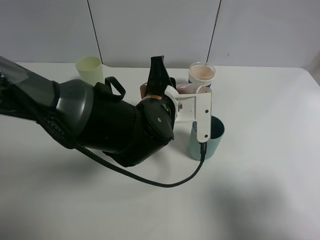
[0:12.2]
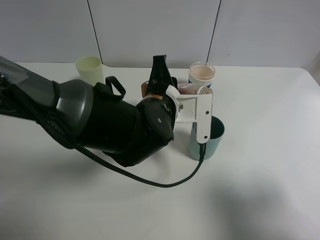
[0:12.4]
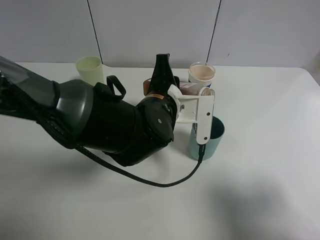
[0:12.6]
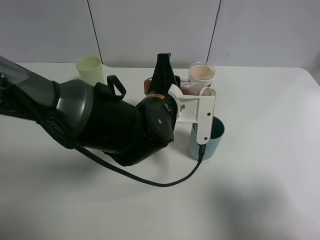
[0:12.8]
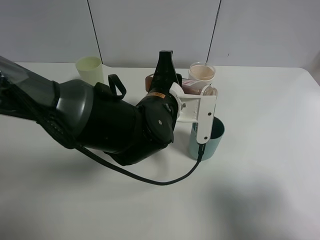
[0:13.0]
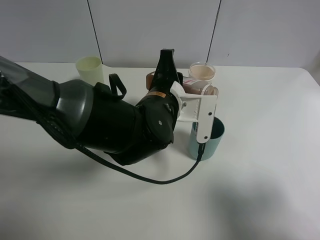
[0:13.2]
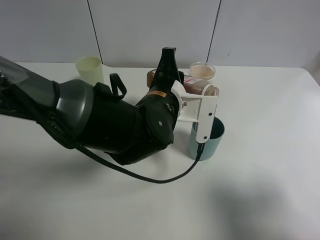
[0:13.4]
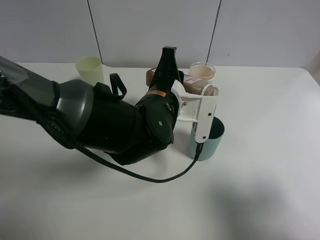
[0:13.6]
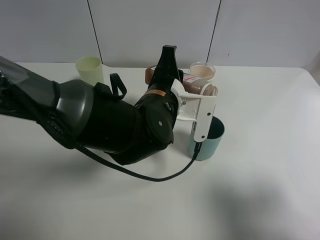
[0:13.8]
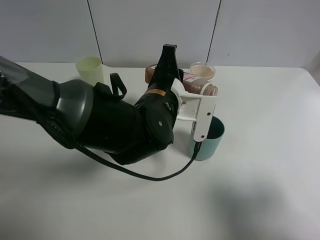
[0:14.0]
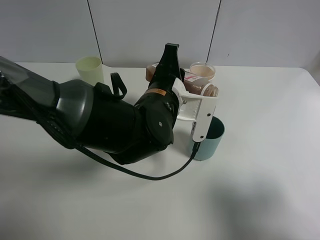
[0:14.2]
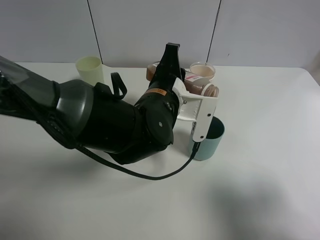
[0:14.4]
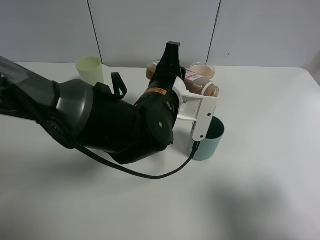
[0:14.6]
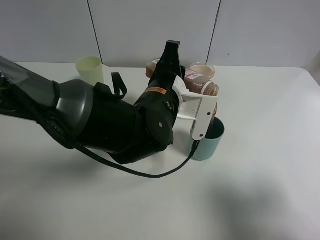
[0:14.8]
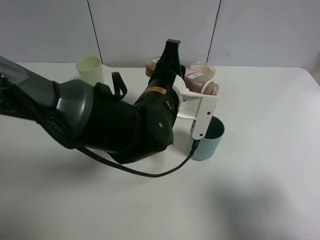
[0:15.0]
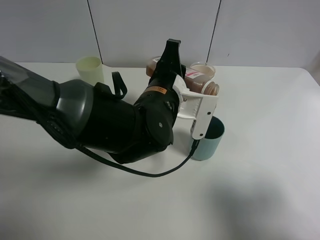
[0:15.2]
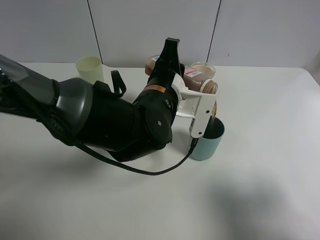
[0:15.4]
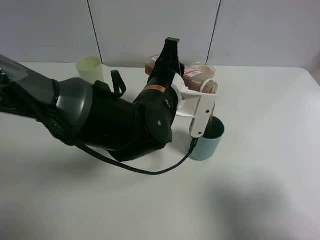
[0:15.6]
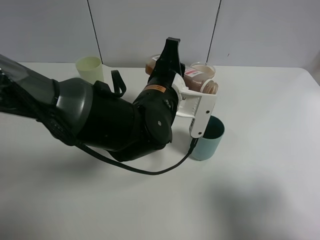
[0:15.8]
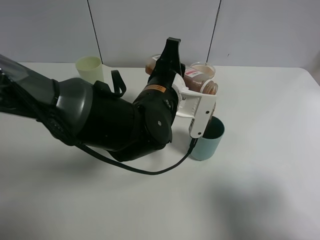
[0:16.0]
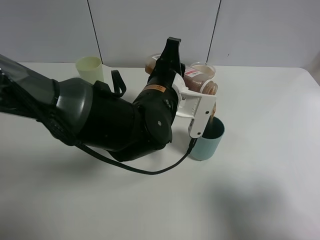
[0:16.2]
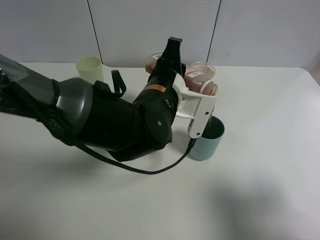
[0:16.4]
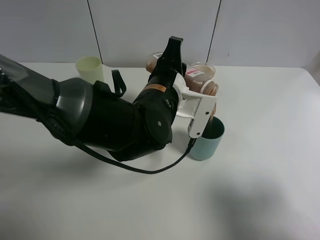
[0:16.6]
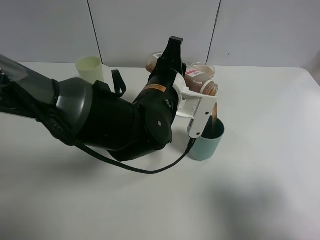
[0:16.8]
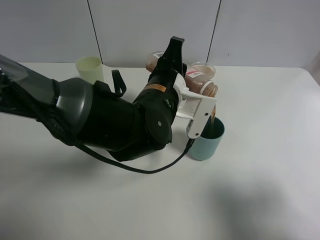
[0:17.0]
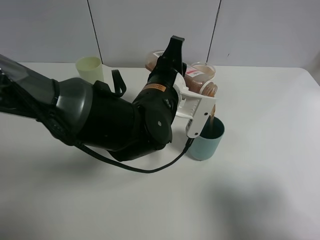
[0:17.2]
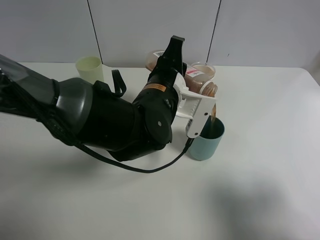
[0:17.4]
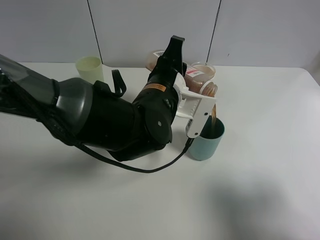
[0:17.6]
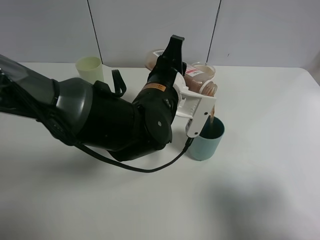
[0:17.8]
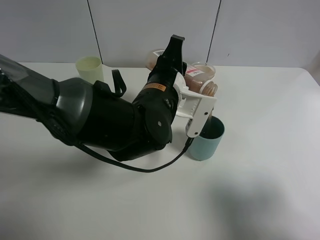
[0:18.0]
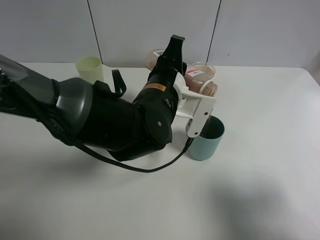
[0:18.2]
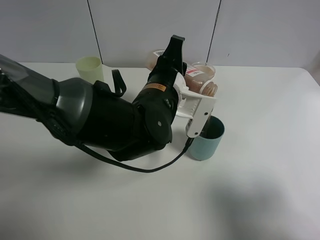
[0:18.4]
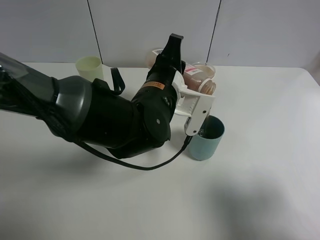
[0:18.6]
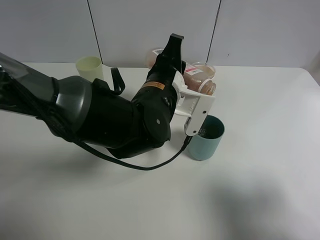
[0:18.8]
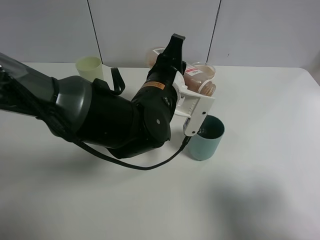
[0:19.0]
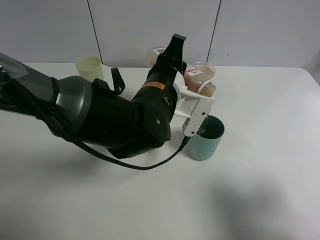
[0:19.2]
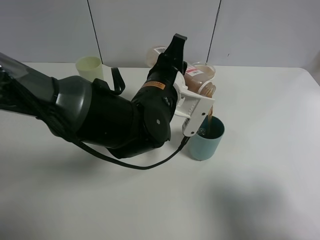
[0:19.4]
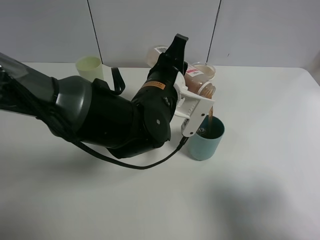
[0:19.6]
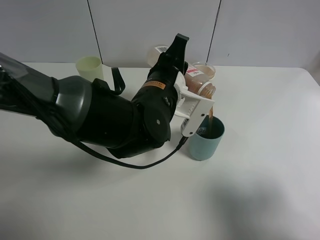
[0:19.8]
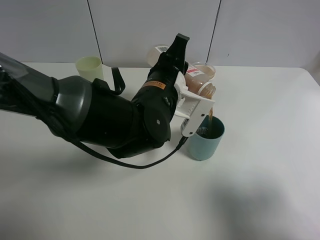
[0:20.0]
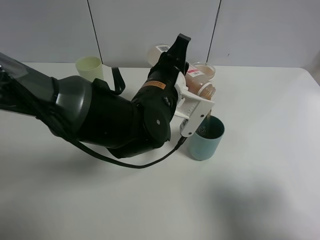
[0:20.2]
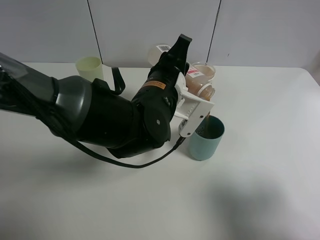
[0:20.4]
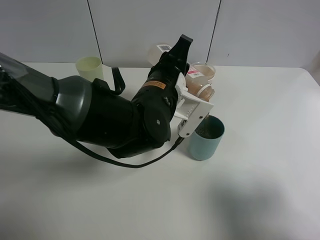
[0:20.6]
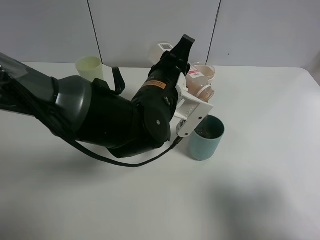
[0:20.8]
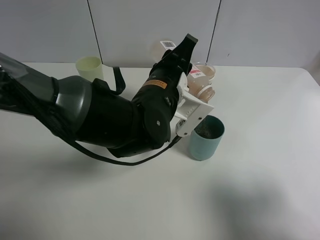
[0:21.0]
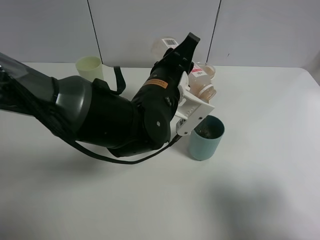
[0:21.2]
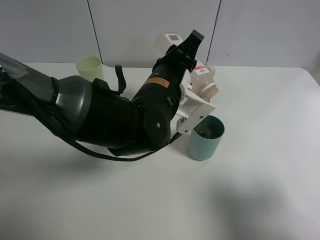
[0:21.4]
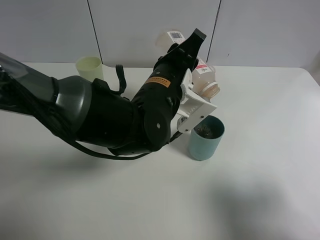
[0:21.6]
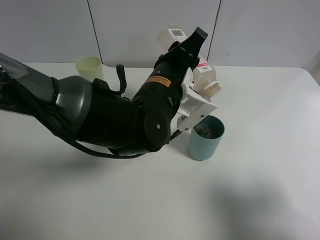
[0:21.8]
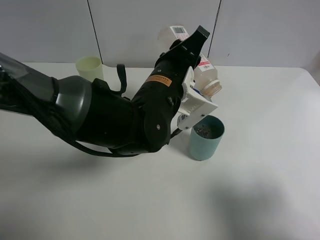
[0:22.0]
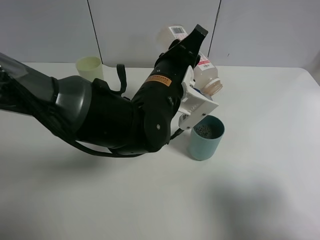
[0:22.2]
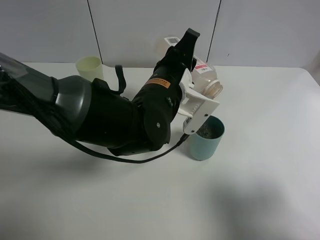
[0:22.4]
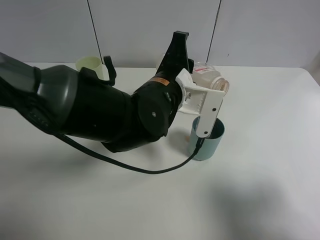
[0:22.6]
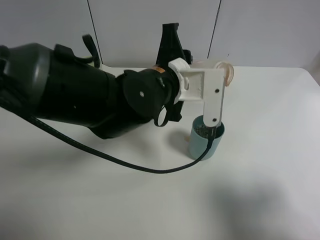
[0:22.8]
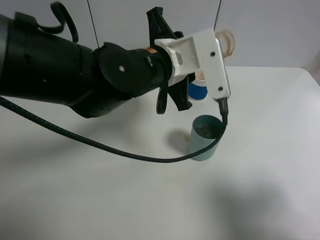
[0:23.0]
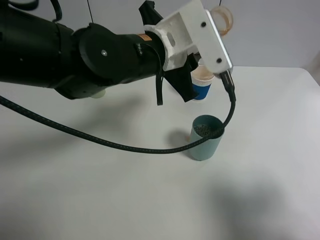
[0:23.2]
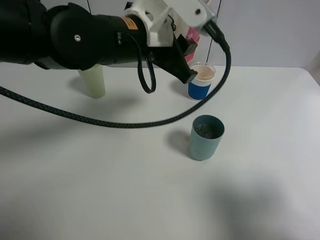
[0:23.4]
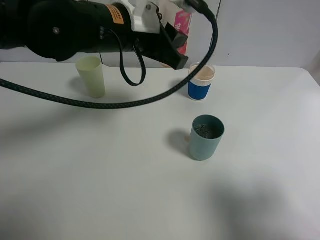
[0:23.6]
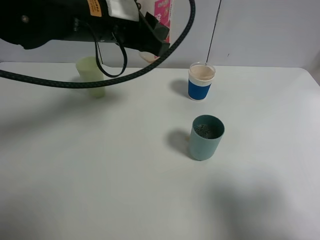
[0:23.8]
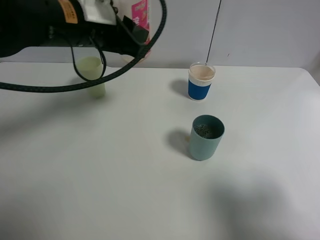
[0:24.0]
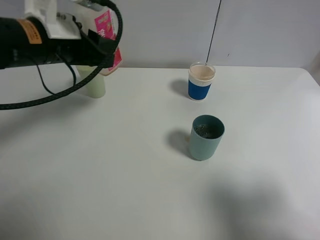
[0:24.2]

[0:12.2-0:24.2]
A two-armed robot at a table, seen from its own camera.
Task of the whole recording: use a clamp to hold the bottle of the drink, pour the beverage into a random cup, then clamp the cup containing the drink and pour the drink into another random cup.
Step, 0:12.2 to 0:22.8: Pour the drink into the blue plastic cup with left gripper.
0:12.2 to 0:15.2: The grippers stay close to where they were, moving slightly.
0:15.2 to 0:16.6: The two grippers keep their place.
0:16.6 to 0:18.2: Both grippers stay about where they are.
0:18.2 to 0:21.2: The grippers move only a little.
0:22.6 to 0:24.2: The left gripper is displaced to the left and upward by roughly 20 cm.
━━━━━━━━━━━━━━━━━━━━━━━━━━━━━━
- **WHAT TO DO**
The records above are to be repeated exactly, with every picture removed from the copy.

- **ANSWER BOX**
[0:12.2]
[0:12.4]
[0:12.6]
[0:12.8]
[0:13.0]
[0:13.2]
[0:13.4]
[0:13.6]
[0:13.8]
[0:14.0]
[0:14.2]
[0:14.4]
[0:14.6]
[0:14.8]
[0:15.0]
[0:15.2]
[0:15.4]
[0:15.6]
[0:15.8]
[0:16.0]
[0:16.2]
[0:16.4]
[0:16.6]
[0:16.8]
[0:17.0]
[0:17.2]
[0:17.4]
[0:17.6]
[0:17.8]
[0:18.0]
[0:18.2]
[0:18.4]
[0:18.6]
[0:18.8]
[0:19.0]
[0:19.2]
[0:19.4]
[0:19.6]
[0:19.8]
[0:20.0]
[0:20.2]
[0:20.4]
[0:20.6]
[0:20.8]
[0:21.0]
[0:21.2]
[0:21.4]
[0:21.6]
[0:21.8]
[0:22.0]
[0:22.2]
[0:22.4]
[0:22.6]
[0:22.8]
[0:23.0]
[0:23.2]
[0:23.4]
[0:23.6]
[0:23.8]
[0:24.0]
[0:24.2]

[0:12.2-0:24.2]
A two-armed robot at a table, seen from its own camera.
Task of the whole recording: use a clamp to hold the bottle of the drink, pour the beverage into a random cup, then clamp the cup containing the drink and pour the drink into another random cup.
Step, 0:12.2 to 0:22.8: Pour the drink into the blue plastic cup with left gripper.
0:12.2 to 0:15.2: The grippers stay close to where they were, moving slightly.
0:15.2 to 0:16.6: The two grippers keep their place.
0:16.6 to 0:18.2: Both grippers stay about where they are.
0:18.2 to 0:21.2: The grippers move only a little.
0:22.6 to 0:24.2: The left gripper is displaced to the left and upward by roughly 20 cm.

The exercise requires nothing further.